#### Instructions for the task:
Find the lines of the listing that contain the string "chrysanthemum", and return them.

Top of Dataset content

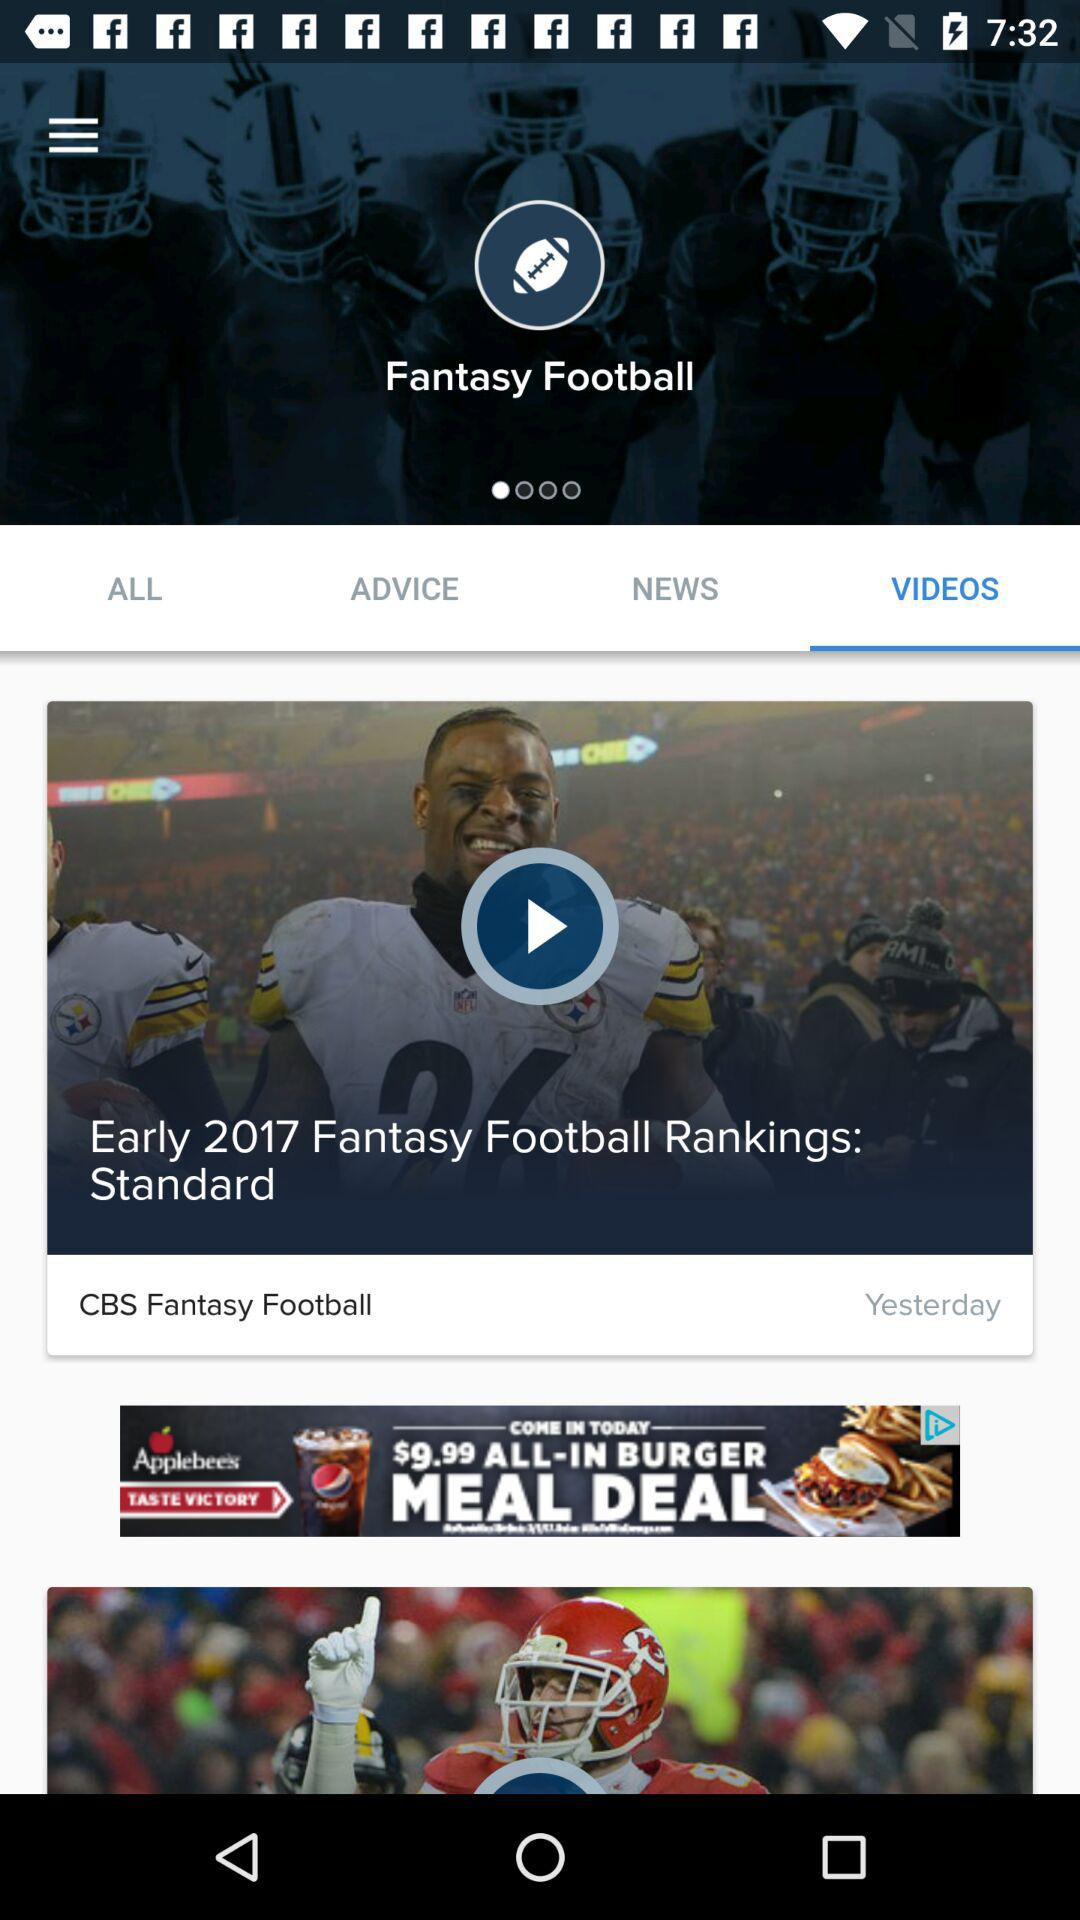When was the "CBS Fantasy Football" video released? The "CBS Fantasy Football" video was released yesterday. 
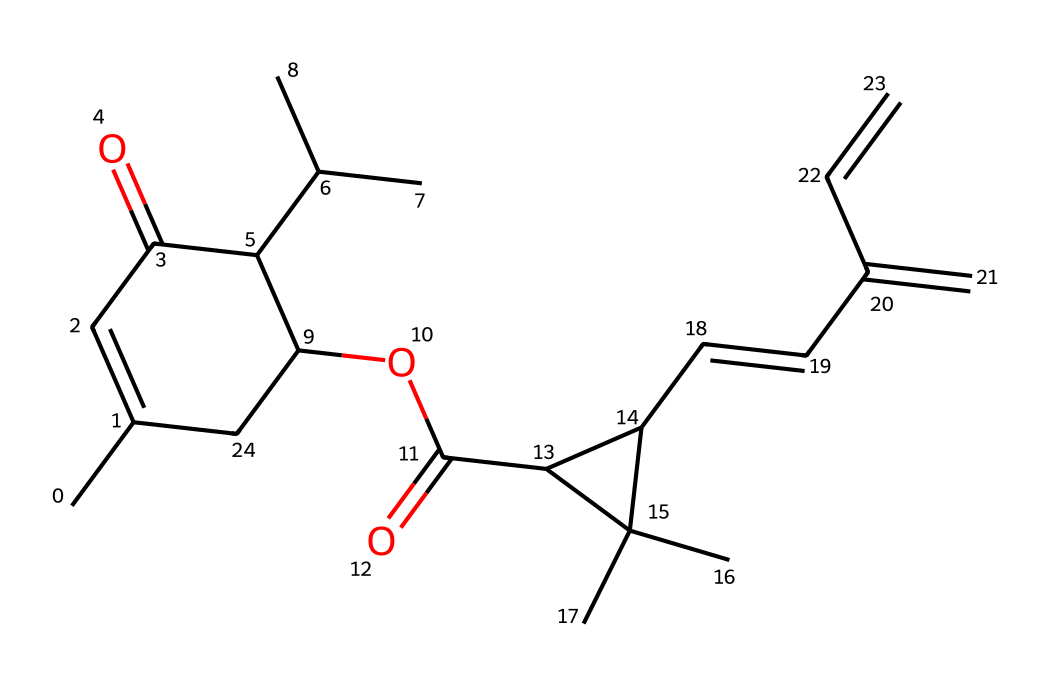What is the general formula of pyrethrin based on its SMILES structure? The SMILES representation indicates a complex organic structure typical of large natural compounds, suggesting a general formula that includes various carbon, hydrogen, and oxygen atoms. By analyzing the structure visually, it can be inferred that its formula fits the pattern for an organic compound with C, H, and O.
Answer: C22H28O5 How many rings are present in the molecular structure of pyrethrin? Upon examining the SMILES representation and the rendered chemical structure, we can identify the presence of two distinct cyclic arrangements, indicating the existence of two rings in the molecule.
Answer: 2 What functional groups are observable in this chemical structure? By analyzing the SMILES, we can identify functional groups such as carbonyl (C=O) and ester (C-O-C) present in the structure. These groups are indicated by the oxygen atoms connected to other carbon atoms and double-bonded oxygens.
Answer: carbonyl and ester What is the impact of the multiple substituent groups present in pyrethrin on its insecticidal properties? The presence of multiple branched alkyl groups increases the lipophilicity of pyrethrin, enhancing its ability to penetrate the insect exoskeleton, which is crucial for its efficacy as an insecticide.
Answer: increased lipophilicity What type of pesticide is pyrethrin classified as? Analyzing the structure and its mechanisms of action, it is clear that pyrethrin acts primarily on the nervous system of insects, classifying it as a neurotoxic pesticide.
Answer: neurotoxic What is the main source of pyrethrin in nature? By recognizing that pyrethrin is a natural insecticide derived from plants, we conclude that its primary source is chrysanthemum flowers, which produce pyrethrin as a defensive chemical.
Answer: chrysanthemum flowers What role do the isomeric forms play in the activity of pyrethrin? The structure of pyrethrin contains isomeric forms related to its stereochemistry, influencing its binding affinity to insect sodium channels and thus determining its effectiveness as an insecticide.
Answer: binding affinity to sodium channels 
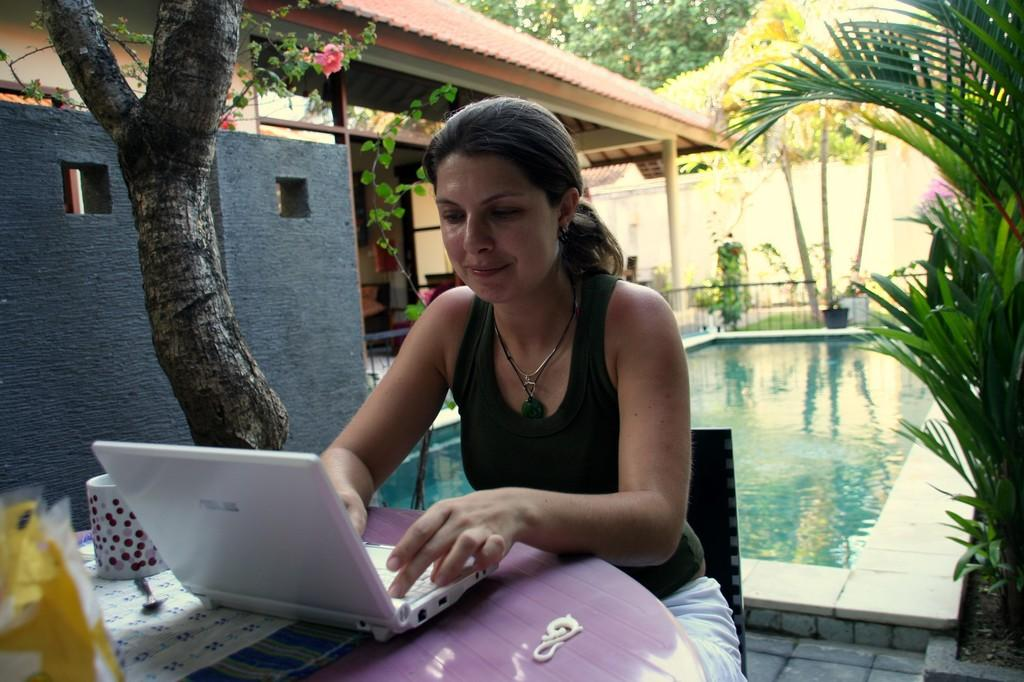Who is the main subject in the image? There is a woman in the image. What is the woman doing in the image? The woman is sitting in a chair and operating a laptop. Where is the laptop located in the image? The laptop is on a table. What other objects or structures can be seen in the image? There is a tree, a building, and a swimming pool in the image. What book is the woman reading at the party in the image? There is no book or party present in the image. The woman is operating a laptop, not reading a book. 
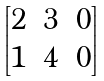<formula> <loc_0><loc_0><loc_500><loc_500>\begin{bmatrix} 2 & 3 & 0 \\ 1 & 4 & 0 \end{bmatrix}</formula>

Bottom of Dataset content

#### Response to this task:
Answer: neurotoxic What is the main source of pyrethrin in nature? By recognizing that pyrethrin is a natural insecticide derived from plants, we conclude that its primary source is chrysanthemum flowers, which produce pyrethrin as a defensive chemical.
Answer: chrysanthemum flowers What role do the isomeric forms play in the activity of pyrethrin? The structure of pyrethrin contains isomeric forms related to its stereochemistry, influencing its binding affinity to insect sodium channels and thus determining its effectiveness as an insecticide.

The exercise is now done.